Net income for the first three months of 2007 was $8,991,000, equal to 69 cents per diluted share, an increase of 6% from $8,484,000, or 65 cents per diluted share in the corresponding quarter of 2006. Results have been adjusted to reflect the 3-for-1 stock split effected in August, 2006.
Revenues from earning assets rose 13% to $41,325,000 from $36,607,000 in the previous year. Average total earning assets of $1.866 billion were approximately 5% above $1.771 billion in 2006. Operating results benefited from an improved yield on earning assets, reflecting generally higher prevailing interest rates in the current year. However, net interest margin was modestly lower due to interest expense resulting from the higher level of bearing liabilities.
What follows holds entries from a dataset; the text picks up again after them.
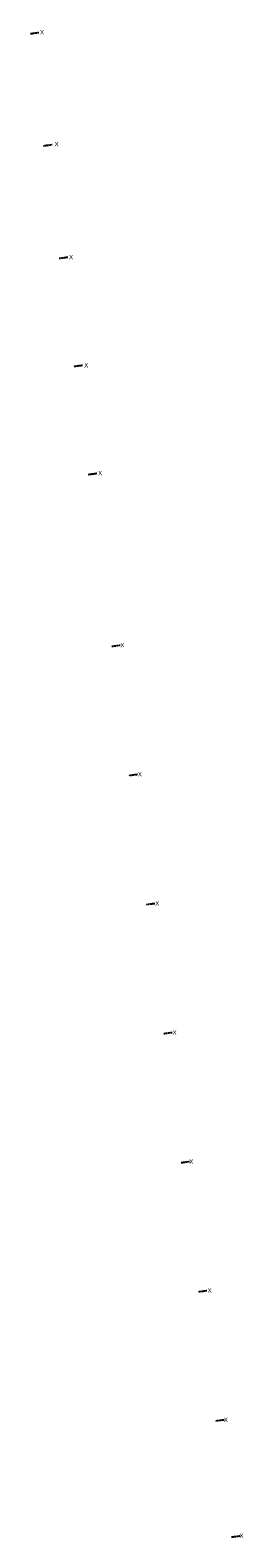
# Model space of a CAD drawing. Header units: feet. Extents: x 1378665 to 1378795, y 451542 to 452468.
import ezdxf

# ---------------------------------------------------------------- set-up
doc = ezdxf.new("R2010")
doc.units = ezdxf.units.FT
doc.header["$MEASUREMENT"] = 0
doc.linetypes.add('DASHED2', pattern=[0.375, 0.25, -0.125])
doc.layers.add('LT_P_Conduit', color=1, linetype='DASHED2')
doc.styles.get("Standard").update_dxf_attribs({"font": 'arial.ttf'})

msp = doc.modelspace()

# ---------------------------------------------------------------- linework, layer by layer
at = {"layer": 'LT_P_Conduit'}
for p, q in [((1378669.91, 452466.62), (1378664.62, 452465.91)), ((1378678.16, 452397.76), (1378672.87, 452397.05)), ((1378687.79, 452328.67), (1378682.5, 452327.96)), ((1378696.71, 452262.26), (1378691.41, 452261.55)), ((1378705.62, 452195.86), (1378700.33, 452195.15)), ((1378719.92, 452090.27), (1378714.62, 452089.56)), ((1378730.56, 452010.98), (1378725.27, 452010.27)), ((1378741.2, 451931.69), (1378735.91, 451930.98)), ((1378751.84, 451852.4), (1378746.55, 451851.69)), ((1378762.49, 451773.11), (1378757.19, 451772.4)), ((1378773.13, 451693.82), (1378767.83, 451693.11)), ((1378783.77, 451614.53), (1378778.48, 451613.82)), ((1378793.71, 451543.2), (1378788.42, 451542.49))]:
    msp.add_line(p, q, dxfattribs=at)

# ---------------------------------------------------------------- texts
at = {"layer": 'LT_P_Conduit', "char_height": 2.64, "attachment_point": 1}
for insert in [(1378670.74, 452468.25), (1378679.65, 452399.58), (1378688.54, 452330.16), (1378697.85, 452263.67), (1378706.44, 452197.47), (1378720.07, 452091.78), (1378730.83, 452012.53), (1378741.5, 451933.16), (1378752.14, 451853.9), (1378762.41, 451774.59), (1378773.73, 451695.45), (1378783.64, 451616.01), (1378793.34, 451544.79)]:
    msp.add_mtext_dynamic_manual_height_columns('X', width=5.8574, gutter_width=1, heights=[0], dxfattribs=dict(at, insert=insert))

doc.saveas('drawing.dxf')

At March 31, 2007, total assets were $2.027 billion, approximately 5% higher than the $1.925 billion total of a year earlier. Total deposits grew 8% to $1.587 billion from $1.468 billion on the same date in 2006. Net loans were $1.824 billion, compared with $1.789 billion in the prior year. Total capital rose 37% to $157.1 million from $115.0 million, primarily reflecting the retention of earnings.
Jack A. Sweeney, chairman and chief executive officer, commented: “It is gratifying to report another strong and profitable quarter as we made further progress toward our key objectives of sound growth, increased profitability and financial strength. Our team of experienced banking professionals continues to secure quality lending opportunities, and in line with our conservative philosophy, we are keeping prime emphasis on maintaining our excellent credit quality.”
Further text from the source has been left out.